Profiles
Last updated April 7, 2026
Per-product configuration bundles — scopes, inheritance, and how useConfig reads them.
A profile is a named configuration bundle that groups per-product settings together. The canonical use case is "I want one config for dev, a different config for production, and a third for my staging sandbox" — each one becomes a profile, and you switch between them by setting KB_PROFILE or passing --profile=<id>.
Profiles also carry scopes, which let a single profile apply different settings to different parts of a codebase.
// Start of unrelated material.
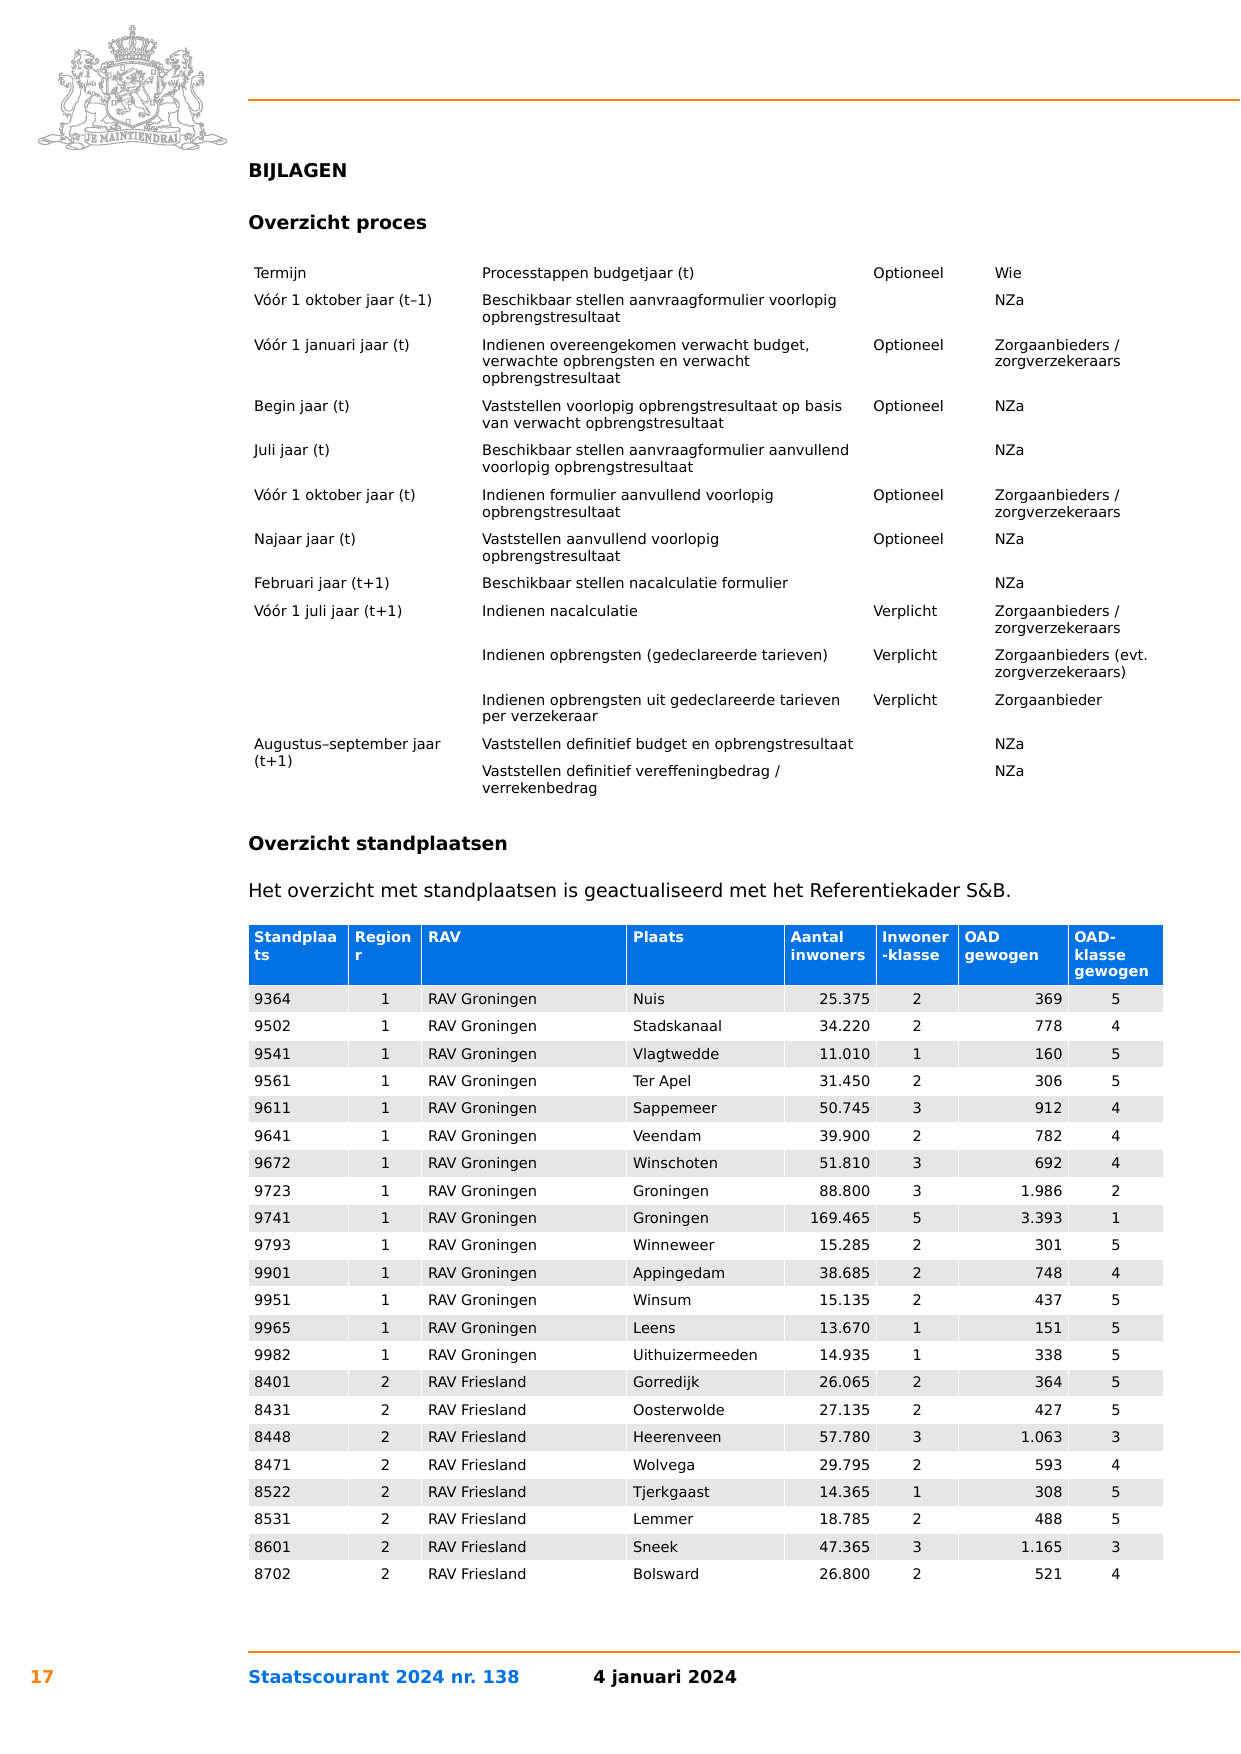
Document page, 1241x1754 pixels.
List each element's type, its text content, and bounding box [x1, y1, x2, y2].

This is how Mind RAG, AI Review, and QA can all have per-package configuration without duplicating the entire profile.
Source of truth for the schema: platform/kb-labs-core/packages/core-config/src/profiles/types.ts.
Where profiles live
In .kb/kb.config.json under the top-level profiles array:
{
"profiles": [
{
"id": "default",
"label": "Default Profile",
"products": {
"mind": { /* mind plugin config */ },
"commit": { /* commit plugin config */ },
"review": { /* ai-review config */ }
}
},
{
"id": "production",
"extends": "default",
"products": {
"mind": { /* overrides for production */ }
}
}
]
}The profiles array is separate from the platform section — platform is for adapters (LLM, cache, storage, etc.) and is shared across all profiles; profiles is for per-product overrides.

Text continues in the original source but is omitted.